In [2]:
%load_ext autoreload
%autoreload 2

# Introduction

# imports

In [1]:
from pathlib import Path
import warnings
warnings.filterwarnings('ignore')

import torch
import pandas as pd

from news_classifier.data import assign_rows_to_split
from news_classifier.constants import DATASET, TRAIN, TEST, VALID, LABEL_COL

# notebook wide constants
HOME_DIR = Path('..')
DATA_DIR = HOME_DIR / 'data'

## Process Raw Data

In [3]:
# read data
df = pd.read_csv(DATA_DIR / 'news.csv')
df.head()

Unnamed: 0,category,title
0,Business,Wall St. Bears Claw Back Into the Black (Reuters)
1,Business,Carlyle Looks Toward Commercial Aerospace (Reu...
2,Business,Oil and Economy Cloud Stocks' Outlook (Reuters)
3,Business,Iraq Halts Oil Exports from Main Southern Pipe...
4,Business,"Oil prices soar to all-time record, posing new..."


In [4]:
# use the assign_rows_to_split to split rows into either train,test or valid while stratifying wrt the categories
splitted_df = assign_rows_to_split(df)

train_rows = splitted_df.query(f'{DATASET}=="{TRAIN}"')
valid_rows = splitted_df.query(f'{DATASET}=="{VALID}"')
test_rows = splitted_df.query(f'{DATASET}=="{TEST}"')

print(f'Train size {train_rows.size:_}, Valid size {valid_rows.size:_}, Test size {test_rows.size:_}')

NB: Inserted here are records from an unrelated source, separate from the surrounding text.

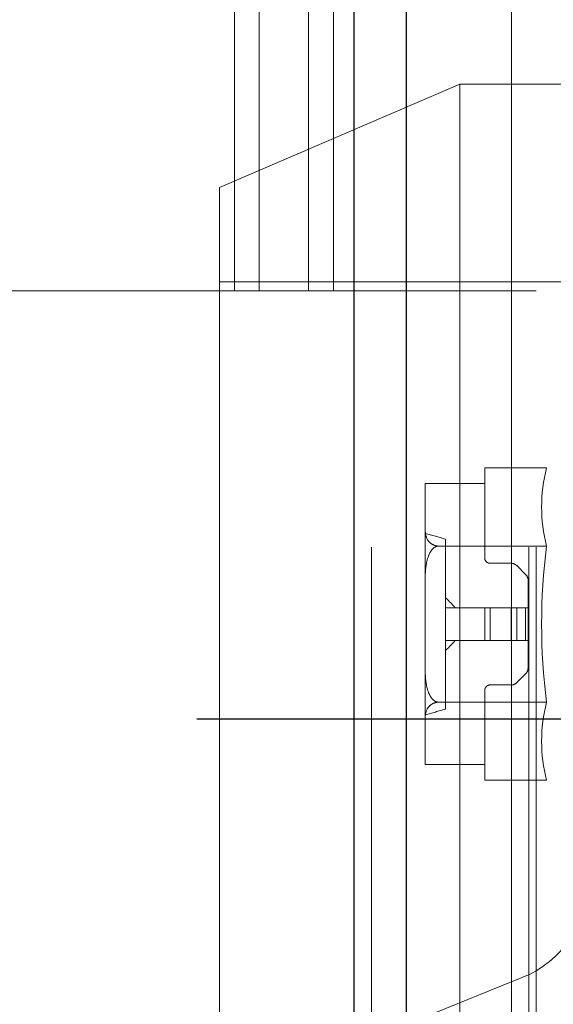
# Model space of a CAD drawing. Header units: inches. Extents: x 0.2 to 10.8, y 0.2 to 8.2.
# Tile 37 of 156: x 1.8133 to 1.8521, y 3.1225 to 3.1941. Entities that reach past the tile are written whole.
import ezdxf

# ---------------------------------------------------------------- set-up
doc = ezdxf.new("R2010")
doc.units = ezdxf.units.IN
doc.header["$MEASUREMENT"] = 0
doc.linetypes.add('HIDDEN', pattern=[0.07500000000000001, 0.05, -0.025])
doc.layers.add('DIMENSIONS', color=140, linetype='Continuous')
doc.styles.add('SLDTEXTSTYLE0', font='TXT', dxfattribs={"width": 0.7})
doc.dimstyles.new('SLDDIMSTYLE1', dxfattribs={"dimtxt": 0.0849609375, "dimasz": 0.13, "dimexe": 0, "dimexo": 0.0625, "dimgap": 0.021240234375, "dimtad": 0, "dimtih": 1, "dimtoh": 1, "dimlfac": 20, "dimrnd": 1e-09, "dimzin": 12, "dimdsep": 46, "dimtxsty": 'SLDTEXTSTYLE0', "dimsah": 1, "dimcen": 0.09, "dimadec": 0, "dimazin": 3, "dimtfac": 1, "dimtmove": 0, "dimatfit": 0, "dimfxl": 0, "dimfrac": 2, "dimtolj": 1, "dimtzin": 12, "dimarcsym": 0})
doc.dimstyles.new('SLDDIMSTYLE3', dxfattribs={"dimtxt": 0.18, "dimasz": 0.13, "dimexe": 0, "dimexo": 0.0625, "dimgap": 0, "dimtad": 0, "dimtih": 1, "dimtoh": 1, "dimdec": 0, "dimrnd": 1e-09, "dimzin": 0, "dimdsep": 46, "dimtxsty": 'Standard', "dimsah": 1, "dimcen": 0.09, "dimadec": 0, "dimazin": 0, "dimtfac": 0.13, "dimtdec": 0, "dimtofl": 0, "dimtmove": 0, "dimatfit": 3, "dimfxl": 0, "dimfrac": 2, "dimtolj": 1, "dimtzin": 0, "dimarcsym": 0})

# ---------------------------------------------------------------- blocks, each defined once
blk = doc.blocks.new('_D_11')
at = {"layer": 'DIMENSIONS'}
for p, q in [((2.017167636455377, 3.143252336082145), (2.017167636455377, 3.393252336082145)), ((1.826183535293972, 3.143252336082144), (2.142167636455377, 3.143252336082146)), ((1.888898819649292, 3.052152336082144), (2.142167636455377, 3.052152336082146)), ((2.017167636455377, 2.82907330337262), (2.017167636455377, 3.052152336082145)), ((2.138638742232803, 2.82907330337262), (2.017167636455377, 2.82907330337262)), ((2.291811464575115, 2.829073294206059), (2.263281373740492, 2.829073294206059)), ((2.263281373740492, 2.829073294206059), (2.263281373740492, 2.694042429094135)), ((2.544280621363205, 2.829073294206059), (2.572810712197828, 2.829073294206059)), ((2.572810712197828, 2.829073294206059), (2.572810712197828, 2.694042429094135)), ((2.263281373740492, 2.694042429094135), (2.291811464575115, 2.694042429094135)), ((2.572810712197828, 2.694042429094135), (2.544280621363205, 2.694042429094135))]:
    blk.add_line(p, q, dxfattribs=at)
for points in [[(2.017167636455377, 3.143252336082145), (2.037167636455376, 3.273252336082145), (1.997167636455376, 3.273252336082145)], [(2.017167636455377, 3.052152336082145), (1.997167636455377, 2.922152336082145), (2.037167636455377, 2.922152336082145)]]:
    blk.add_solid(points, dxfattribs=at)
at = {"layer": 'DIMENSIONS', "char_height": 0.08333333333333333, "attachment_point": 1, "style": 'SLDTEXTSTYLE0'}
for s, insert in [('1.82', (2.291811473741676, 2.955515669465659)), ('46.3', (2.291811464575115, 2.8014647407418))]:
    blk.add_mtext(s, dxfattribs=dict(at, insert=insert))
blk = doc.blocks.new('_D_12')
at = {"layer": 'DIMENSIONS'}
for p, q in [((1.763371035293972, 3.080439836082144), (1.763371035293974, 2.750495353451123)), ((1.854471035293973, 3.005752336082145), (1.854471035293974, 2.750495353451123)), ((1.173057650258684, 2.87549534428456), (1.144527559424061, 2.87549534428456)), ((1.144527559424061, 2.87549534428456), (1.144527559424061, 2.740464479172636)), ((1.425526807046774, 2.87549534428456), (1.454056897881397, 2.87549534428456)), ((1.454056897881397, 2.87549534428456), (1.454056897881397, 2.740464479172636)), ((1.763371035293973, 2.875495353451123), (1.540653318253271, 2.875495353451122)), ((1.854471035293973, 2.875495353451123), (2.104471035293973, 2.875495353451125)), ((1.144527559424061, 2.740464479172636), (1.173057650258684, 2.740464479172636)), ((1.454056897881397, 2.740464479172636), (1.425526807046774, 2.740464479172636))]:
    blk.add_line(p, q, dxfattribs=at)
for points in [[(1.763371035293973, 2.875495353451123), (1.633371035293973, 2.895495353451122), (1.633371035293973, 2.855495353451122)], [(1.854471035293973, 2.875495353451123), (1.984471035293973, 2.855495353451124), (1.984471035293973, 2.895495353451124)]]:
    blk.add_solid(points, dxfattribs=at)
at = {"layer": 'DIMENSIONS', "char_height": 0.08333333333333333, "attachment_point": 1, "style": 'SLDTEXTSTYLE0'}
for s, insert in [('1.82', (1.173057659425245, 3.00193771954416)), ('46.3', (1.173057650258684, 2.847886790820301))]:
    blk.add_mtext(s, dxfattribs=dict(at, insert=insert))

msp = doc.modelspace()

# ---------------------------------------------------------------- linework, layer by layer
at = {"color": 7, "linetype": 'Continuous', "lineweight": 25}
for p, q in [((1.837625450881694, 3.055752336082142), (1.837625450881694, 5.123250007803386)), ((1.841443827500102, 3.055752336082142), (1.841443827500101, 5.122541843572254))]:
    msp.add_line(p, q, dxfattribs=at)
at = {"color": 7, "linetype": 'HIDDEN', "lineweight": 18}
for p, q in [((1.837625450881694, 5.123250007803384), (1.837625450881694, 3.055752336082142)), ((1.837625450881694, 5.123250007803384), (1.837625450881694, 3.055752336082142)), ((1.837625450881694, 3.055752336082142), (1.837625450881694, 5.123250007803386)), ((1.83889824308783, 3.055752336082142), (1.83889824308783, 5.122541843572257)), ((1.83889824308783, 3.055752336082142), (1.83889824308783, 5.122541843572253)), ((1.841443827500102, 3.055752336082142), (1.841443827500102, 5.122541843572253)), ((1.850343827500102, 3.055752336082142), (1.850343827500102, 5.117157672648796)), ((1.850343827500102, 3.055752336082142), (1.850343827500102, 5.117157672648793)), ((1.850871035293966, 3.055752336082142), (1.850871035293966, 5.117002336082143)), ((1.852077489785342, 5.098258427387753), (1.852077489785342, 3.074731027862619)), ((1.849071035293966, 3.10520233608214), (1.849071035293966, 5.067752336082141)), ((1.849071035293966, 3.10520233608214), (1.849071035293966, 5.067752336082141)), ((1.849071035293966, 3.105202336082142), (1.849071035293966, 5.067752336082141)), ((1.849071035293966, 3.105202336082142), (1.849071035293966, 5.067752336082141)), ((1.828921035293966, 3.174402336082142), (1.828921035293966, 3.505502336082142)), ((1.828921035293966, 3.174402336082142), (1.828921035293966, 3.505502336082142)), ((1.830721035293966, 3.174402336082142), (1.830721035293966, 3.505502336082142)), ((1.834321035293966, 3.174402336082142), (1.834321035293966, 3.505502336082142)), ((1.836121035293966, 3.174402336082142), (1.836121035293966, 3.505502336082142)), ((1.836121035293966, 3.174402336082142), (1.836121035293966, 3.505502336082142)), ((1.832971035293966, 3.295577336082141), (1.832971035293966, 3.105202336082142)), ((1.845327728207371, 3.189439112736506), (1.827827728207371, 3.181939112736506)), ((1.845327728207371, 3.104439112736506), (1.845327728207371, 3.189439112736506)), ((1.890327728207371, 3.189439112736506), (1.845327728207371, 3.189439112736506)), ((1.827827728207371, 3.111939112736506), (1.827827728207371, 3.181939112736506)), ((1.877827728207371, 3.175064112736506), (1.827827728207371, 3.175064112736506)), ((1.796146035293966, 3.174402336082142), (1.828921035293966, 3.174402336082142)), ((1.828921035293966, 3.174402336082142), (1.830721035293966, 3.174402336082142)), ((1.830721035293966, 3.174402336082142), (1.836121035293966, 3.174402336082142)), ((1.836121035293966, 3.174402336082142), (1.850871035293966, 3.174402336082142)), ((1.851631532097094, 3.161514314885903), (1.847134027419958, 3.161514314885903)), ((1.847134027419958, 3.16037779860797), (1.847134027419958, 3.161514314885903)), ((1.842803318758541, 3.160342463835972), (1.842803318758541, 3.160324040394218)), ((1.842803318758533, 3.160342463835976), (1.842803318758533, 3.160324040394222)), ((1.842803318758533, 3.16034246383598), (1.842803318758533, 3.160324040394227)), ((1.842803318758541, 3.160324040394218), (1.842803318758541, 3.157022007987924)), ((1.842803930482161, 3.16037779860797), (1.847134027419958, 3.16037779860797)), ((1.847134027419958, 3.154971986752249), (1.847134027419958, 3.16037779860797)), ((1.842803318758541, 3.157022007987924), (1.842803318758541, 3.153451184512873)), ((1.844279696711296, 3.156339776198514), (1.844279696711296, 3.143958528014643)), ((1.851631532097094, 3.155831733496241), (1.84374948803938, 3.155831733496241)), ((1.849054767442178, 3.154578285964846), (1.847527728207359, 3.154578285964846)), ((1.850110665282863, 3.15376700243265), (1.849472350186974, 3.15440531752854)), ((1.842803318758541, 3.153451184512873), (1.842803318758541, 3.146847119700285)), ((1.85028363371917, 3.151330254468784), (1.85028363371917, 3.153349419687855)), ((1.847134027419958, 3.151330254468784), (1.844279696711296, 3.151330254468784)), ((1.847134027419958, 3.151330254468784), (1.847134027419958, 3.148968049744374)), ((1.847527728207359, 3.151330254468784), (1.847134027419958, 3.151330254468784)), ((1.847527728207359, 3.151330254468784), (1.847527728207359, 3.148968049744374)), ((1.849054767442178, 3.151330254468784), (1.847527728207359, 3.151330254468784)), ((1.847527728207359, 3.151330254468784), (1.847527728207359, 3.148968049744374)), ((1.847527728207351, 3.151330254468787), (1.847527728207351, 3.148968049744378)), ((1.847527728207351, 3.151330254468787), (1.847527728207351, 3.148968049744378)), ((1.847527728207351, 3.151330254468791), (1.847527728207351, 3.148968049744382)), ((1.847527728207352, 3.151330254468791), (1.847527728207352, 3.148968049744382)), ((1.849054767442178, 3.151330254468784), (1.849054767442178, 3.148968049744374)), ((1.849472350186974, 3.151330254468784), (1.849054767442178, 3.151330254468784)), ((1.849054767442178, 3.151330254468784), (1.849054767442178, 3.148968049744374)), ((1.849054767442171, 3.151330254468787), (1.849054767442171, 3.148968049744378)), ((1.849054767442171, 3.151330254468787), (1.849054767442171, 3.148968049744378)), ((1.849054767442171, 3.151330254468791), (1.849054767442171, 3.148968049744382)), ((1.849054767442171, 3.151330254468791), (1.849054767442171, 3.148968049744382)), ((1.849472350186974, 3.151330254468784), (1.849472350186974, 3.148968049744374)), ((1.850110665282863, 3.151330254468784), (1.849472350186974, 3.151330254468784)), ((1.849472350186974, 3.151330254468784), (1.849472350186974, 3.148968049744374)), ((1.849472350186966, 3.151330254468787), (1.849472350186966, 3.148968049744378)), ((1.849472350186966, 3.151330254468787), (1.849472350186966, 3.148968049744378)), ((1.849472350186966, 3.151330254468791), (1.849472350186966, 3.148968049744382)), ((1.849472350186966, 3.151330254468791), (1.849472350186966, 3.148968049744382)), ((1.850110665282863, 3.151330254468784), (1.850110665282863, 3.148968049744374)), ((1.85028363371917, 3.151330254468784), (1.850110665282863, 3.151330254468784)), ((1.850110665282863, 3.151330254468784), (1.850110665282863, 3.148968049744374)), ((1.850110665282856, 3.151330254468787), (1.850110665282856, 3.148968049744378)), ((1.850110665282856, 3.151330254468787), (1.850110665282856, 3.148968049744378)), ((1.850110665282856, 3.151330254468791), (1.850110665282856, 3.148968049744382)), ((1.850110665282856, 3.151330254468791), (1.850110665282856, 3.148968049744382)), ((1.85028363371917, 3.151330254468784), (1.85028363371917, 3.148968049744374)), ((1.847134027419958, 3.148968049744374), (1.844279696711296, 3.148968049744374)), ((1.847527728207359, 3.148968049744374), (1.847134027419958, 3.148968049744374)), ((1.849054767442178, 3.148968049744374), (1.847527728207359, 3.148968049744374)), ((1.849472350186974, 3.148968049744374), (1.849054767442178, 3.148968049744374)), ((1.850110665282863, 3.148968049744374), (1.849472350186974, 3.148968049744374)), ((1.85028363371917, 3.148968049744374), (1.850110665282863, 3.148968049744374)), ((1.85028363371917, 3.146948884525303), (1.85028363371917, 3.148968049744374)), ((1.842803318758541, 3.146847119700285), (1.842803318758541, 3.143276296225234)), ((1.849472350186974, 3.145892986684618), (1.850110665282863, 3.146531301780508)), ((1.847527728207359, 3.145720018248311), (1.849054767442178, 3.145720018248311)), ((1.847134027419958, 3.139920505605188), (1.847134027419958, 3.145326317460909)), ((1.851631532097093, 3.144466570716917), (1.84374948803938, 3.144466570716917)), ((1.842803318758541, 3.143276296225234), (1.842803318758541, 3.13997426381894)), ((1.842803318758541, 3.13997426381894), (1.842803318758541, 3.139955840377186)), ((1.842803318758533, 3.139974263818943), (1.842803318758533, 3.139955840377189)), ((1.842803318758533, 3.139974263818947), (1.842803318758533, 3.139955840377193)), ((1.847134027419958, 3.139920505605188), (1.842803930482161, 3.139920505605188)), ((1.847134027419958, 3.138783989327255), (1.847134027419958, 3.139920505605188)), ((1.851631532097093, 3.138783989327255), (1.847134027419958, 3.138783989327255)), ((1.836470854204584, 3.119013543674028), (1.849906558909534, 3.124447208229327))]:
    msp.add_line(p, q, dxfattribs=at)
at = {"color": 7, "linetype": 'HIDDEN', "lineweight": 18, "flags": 128}
for points in [[(1.850937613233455, 5.109096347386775), (1.850937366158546, 4.09458125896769), (1.850937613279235, 3.063898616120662)], [(1.850937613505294, 5.109096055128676), (1.850937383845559, 4.075875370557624), (1.85093761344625, 3.06389659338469)], [(1.852077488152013, 5.098271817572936), (1.852077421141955, 4.127850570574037), (1.852077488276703, 3.07472424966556)]]:
    msp.add_lwpolyline(points, dxfattribs=at)
at = {"color": 7, "linetype": 'HIDDEN', "lineweight": 18}
for centre, radius, start, end in [((1.862689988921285, 3.158673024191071), 0.01141763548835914, 165.5904657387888, 194.4095342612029), ((1.84512820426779, 3.160324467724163), 0.002324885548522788, 178.6855685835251, 180.010531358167), ((1.8438240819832, 3.160342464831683), 0.001020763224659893, 178.0163070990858, 180.0000558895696), ((1.845128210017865, 3.160324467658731), 0.002324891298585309, 178.6855702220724, 180.0105297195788), ((1.559466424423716, 2.138428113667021), 1.057006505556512, 74.36829721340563, 74.45138212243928), ((1.896315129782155, 3.150149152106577), 0.04504348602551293, 172.7523851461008, 187.247614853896), ((1.847527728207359, 3.154971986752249), 0.0003937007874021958, 180, 270.0000000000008), ((1.849054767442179, 3.153987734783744), 0.0005905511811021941, 45.00000000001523, 90.00000000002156), ((1.849693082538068, 3.153349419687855), 0.0005905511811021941, 0, 45.00000000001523), ((1.849693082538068, 3.146948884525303), 0.0005905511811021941, 314.9999999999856, 0), ((1.847527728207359, 3.145326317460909), 0.0003937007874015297, 90, 180), ((1.849054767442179, 3.146310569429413), 0.0005905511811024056, 269.9999999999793, 315.000000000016), ((1.862689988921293, 3.141625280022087), 0.0114176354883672, 165.5904657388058, 194.4095342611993), ((1.559466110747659, 4.161871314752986), 1.057007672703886, 285.5486179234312, 285.6317027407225), ((1.845128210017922, 3.139973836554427), 0.002324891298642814, 179.9894702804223, 181.3144297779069), ((1.845128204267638, 3.139973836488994), 0.002324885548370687, 179.9894686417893, 181.3144314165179), ((1.843824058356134, 3.139955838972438), 0.001020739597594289, 179.9999211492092, 181.9837158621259), ((1.847094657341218, 3.131400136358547), 0.007500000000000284, 292.0193813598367, 0)]:
    msp.add_arc(centre, radius, start, end, dxfattribs=at)
for points, knots in [([(1.842803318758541, 3.157022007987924), (1.842803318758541, 3.156792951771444), (1.842830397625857, 3.15656365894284), (1.843003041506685, 3.15623047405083), (1.843082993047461, 3.156121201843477), (1.843268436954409, 3.155978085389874), (1.843343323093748, 3.155932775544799), (1.843524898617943, 3.155861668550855), (1.843632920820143, 3.155836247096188), (1.84374948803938, 3.155831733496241)], [0, 0, 0, 0, 0.5000000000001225, 0.5000000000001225, 0.7500000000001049, 0.7500000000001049, 0.8750000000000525, 0.8750000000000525, 1, 1, 1, 1]), ([(1.84374948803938, 3.15583173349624), (1.843633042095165, 3.155822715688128), (1.843525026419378, 3.155771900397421), (1.843343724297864, 3.155630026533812), (1.84326918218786, 3.15554015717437), (1.843081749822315, 3.15525092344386), (1.843002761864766, 3.155033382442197), (1.842830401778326, 3.154367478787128), (1.842803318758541, 3.153909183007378), (1.842803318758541, 3.153451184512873)], [0, 0, 0, 0, 0.1250000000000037, 0.1250000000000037, 0.2500000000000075, 0.2500000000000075, 0.500000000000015, 0.500000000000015, 1, 1, 1, 1]), ([(1.842803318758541, 3.146847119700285), (1.842803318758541, 3.146389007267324), (1.842830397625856, 3.145930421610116), (1.843003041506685, 3.145264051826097), (1.843082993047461, 3.145045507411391), (1.843268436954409, 3.144759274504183), (1.843343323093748, 3.144668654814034), (1.843524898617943, 3.144526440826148), (1.843632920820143, 3.144475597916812), (1.84374948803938, 3.144466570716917)], [0, 0, 0, 0, 0.5000000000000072, 0.5000000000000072, 0.7499999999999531, 0.7499999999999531, 0.8749999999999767, 0.8749999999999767, 1, 1, 1, 1]), ([(1.84374948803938, 3.144466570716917), (1.843633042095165, 3.144462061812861), (1.843525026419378, 3.144436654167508), (1.843343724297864, 3.144365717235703), (1.84326918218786, 3.144320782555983), (1.843081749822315, 3.144176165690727), (1.843002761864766, 3.144067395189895), (1.842830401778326, 3.143734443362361), (1.842803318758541, 3.143505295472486), (1.842803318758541, 3.143276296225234)], [0, 0, 0, 0, 0.1249999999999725, 0.1249999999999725, 0.249999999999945, 0.249999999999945, 0.49999999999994, 0.49999999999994, 1, 1, 1, 1])]:
    msp.add_open_spline(points, degree=3, knots=knots, dxfattribs=at)
for points in [[(1.844279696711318, 3.152066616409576), (1.844528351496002, 3.15183600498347), (1.844767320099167, 3.151596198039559), (1.844978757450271, 3.151330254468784)], [(1.844978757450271, 3.148968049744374), (1.844767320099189, 3.148702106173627), (1.844528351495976, 3.148462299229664), (1.844279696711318, 3.148231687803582)]]:
    msp.add_open_spline(points, degree=3, dxfattribs=at)

# ---------------------------------------------------------------- dimensions: what is measured, and where the dimension line sits
at = {"layer": 'DIMENSIONS'}
dim = msp.add_linear_dim(base=(2.017167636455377, 3.052152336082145), p1=(1.776183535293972, 3.143252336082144), p2=(1.838898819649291, 3.052152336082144), angle=90.0000000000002, dimstyle='SLDDIMSTYLE1', dxfattribs=at)
dim.commit()
dim.dimension.update_dxf_attribs({"geometry": '_D_11', "text_midpoint": (2.017167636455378, 2.82907330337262), "dimtype": 160})
dim = msp.add_linear_dim(base=(1.763371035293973, 2.875495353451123), p1=(1.854471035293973, 3.055752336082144), p2=(1.763371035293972, 3.130439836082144), dimstyle='SLDDIMSTYLE1', dxfattribs=at)
dim.commit()
dim.dimension.update_dxf_attribs({"geometry": '_D_12', "text_midpoint": (1.299292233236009, 2.875495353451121), "dimtype": 160})

# ---------------------------------------------------------------- leaders
msp.add_leader([(1.768346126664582, 3.137228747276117), (1.895264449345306, 2.334904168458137), (1.80778269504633, 2.334904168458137)], dimstyle='SLDDIMSTYLE3', dxfattribs=at)

doc.saveas('drawing.dxf')

Train size 252_000, Valid size 54_000, Test size 54_000


In [5]:
train_rows[LABEL_COL].value_counts()

World       21000
Sports      21000
Business    21000
Sci/Tech    21000
Name: category, dtype: int64

In [6]:
valid_rows[LABEL_COL].value_counts()

World       4500
Business    4500
Sci/Tech    4500
Sports      4500
Name: category, dtype: int64

In [7]:
# write splitted file to disk
fp = DATA_DIR / 'news_splitted.csv'
splitted_df.to_csv(fp, index=False)

# Vocabulary Building

In [4]:
from news_classifier.data import Dataset, generate_batches
from news_classifier.utils import save_json

data_path = DATA_DIR / 'news_splitted.csv'
splitted_df = pd.read_csv(data_path)
dataset = Dataset.from_dataframe(splitted_df.iloc[:25_000])

vectorizer = dataset.vectorizer
vserialized_vectorizer = vectorizer.to_serializable()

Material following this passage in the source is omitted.